Secondo Adorno, anche ‘le opere d’arte sono persone’, hanno una loro dignità; ed è quanto riporta Ágnes Heller nel suo breve, ma stimolante saggio La dignità dell’opera d’arte (Castelvecchi,2017). Per la filosofa ungherese il concetto di autonomia dell’arte, fortemente sostenuto da Adorno nella sua Aesthetische Theorie (Autonomes Reich) non è sufficiente per “dare un contributo significativo alla comprensione delle opere d’arte contemporanea, come invece può fare il concetto di dignità dell’opera d’arte.” All’interno del concetto di autonomia è radicata la tendenza normativa all’universalizzazione, norme e regole che presentano il rischio di edificare una teoria ‘prescrittiva’. “Il minimalismo, ad esempio – puntualizza Heller – ha dato buoni risultati in pittura e in misura minore anche in musica. Ma la produzione letteraria minimalista è stata insufficiente e poco convincente. Eppure alcuni scrittori hanno provato a seguire la “moda”, proprio perché si riteneva fosse la moda dell’Arte”.

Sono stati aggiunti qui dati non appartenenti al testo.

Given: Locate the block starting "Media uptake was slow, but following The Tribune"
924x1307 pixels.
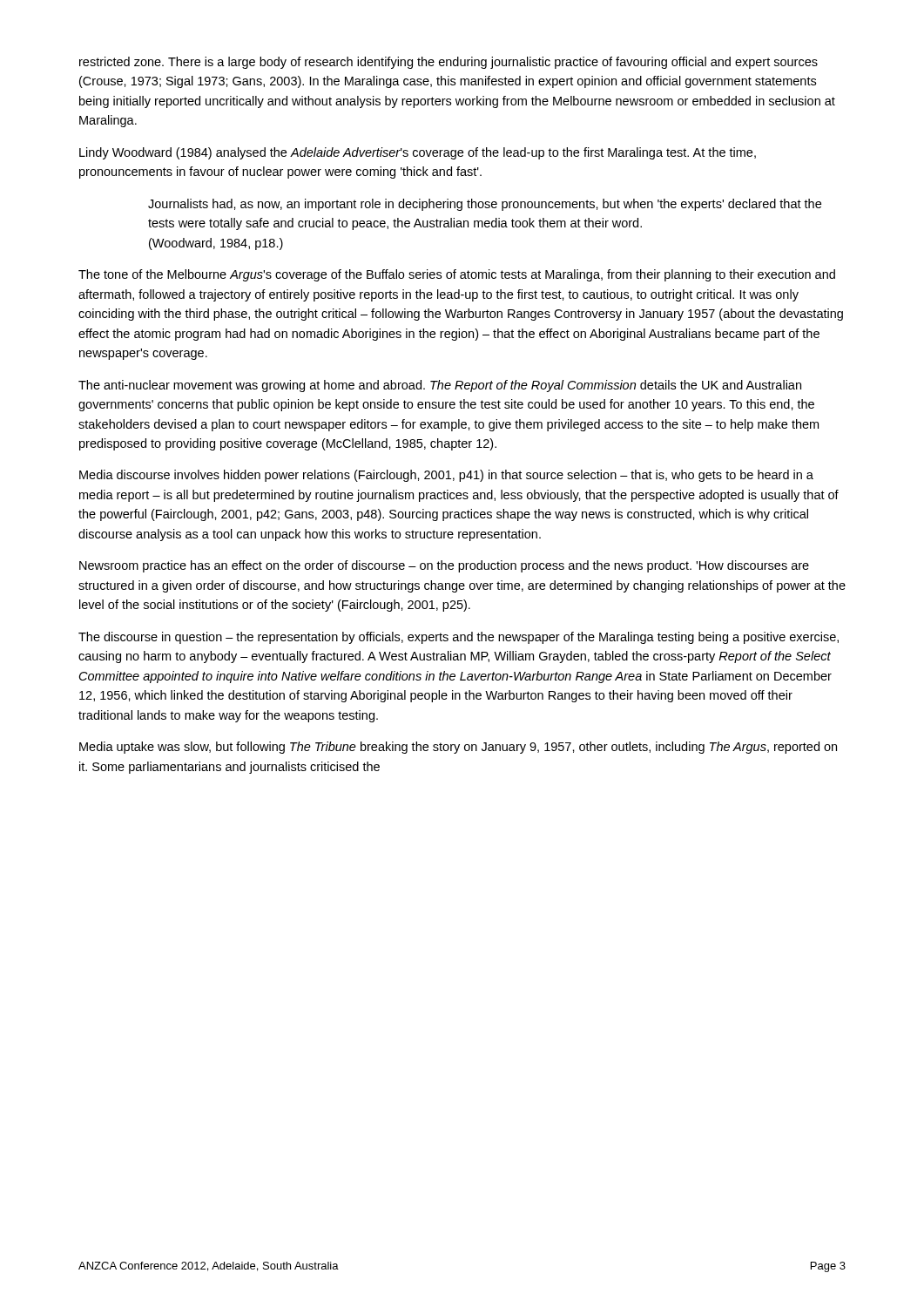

Ma oggi, in cui il regno dell’Arte non è più dotato di norme comuni, – argomenta Heller – come è possibile attribuire lo statuto di arte ad un’opera? Inoltre, è risaputo, che circolano opere d’arte belle e brutte, ‘proprio come esistono buone costituzioni e cattive costituzioni. Esistono opere d’arte innovative e opere d’arte che non lo sono, proprio come ci sono ipotesi e scoperte scientifiche innovative e quelle che non lo sono.’ Ma le opere hanno, in tutti i casi, una loro individualità. Quando contempliamo un monile azteco in una bacheca o un quadro di Rembrant, -naturalmente nelle migliori condizioni di osservazione e ascolto-, sentiamo che l’opera, nel suo mutismo, è dotata di spirito, ha un’anima, come affermava Walter Benjamin in Angelus novus. In questo senso sono ‘persone’; la dignità umana, come è noto, sta – secondo Kant – nel trattare gli uomini non come semplici mezzi, ma come fini. Joseph Beuys – si potrebbe aggiungere – affermava che l’arte = uomo = creatività = scienza, e applicava all’uomo il più alto concetto per realizzare, come fine, uno sviluppo globale dell’umana persona. 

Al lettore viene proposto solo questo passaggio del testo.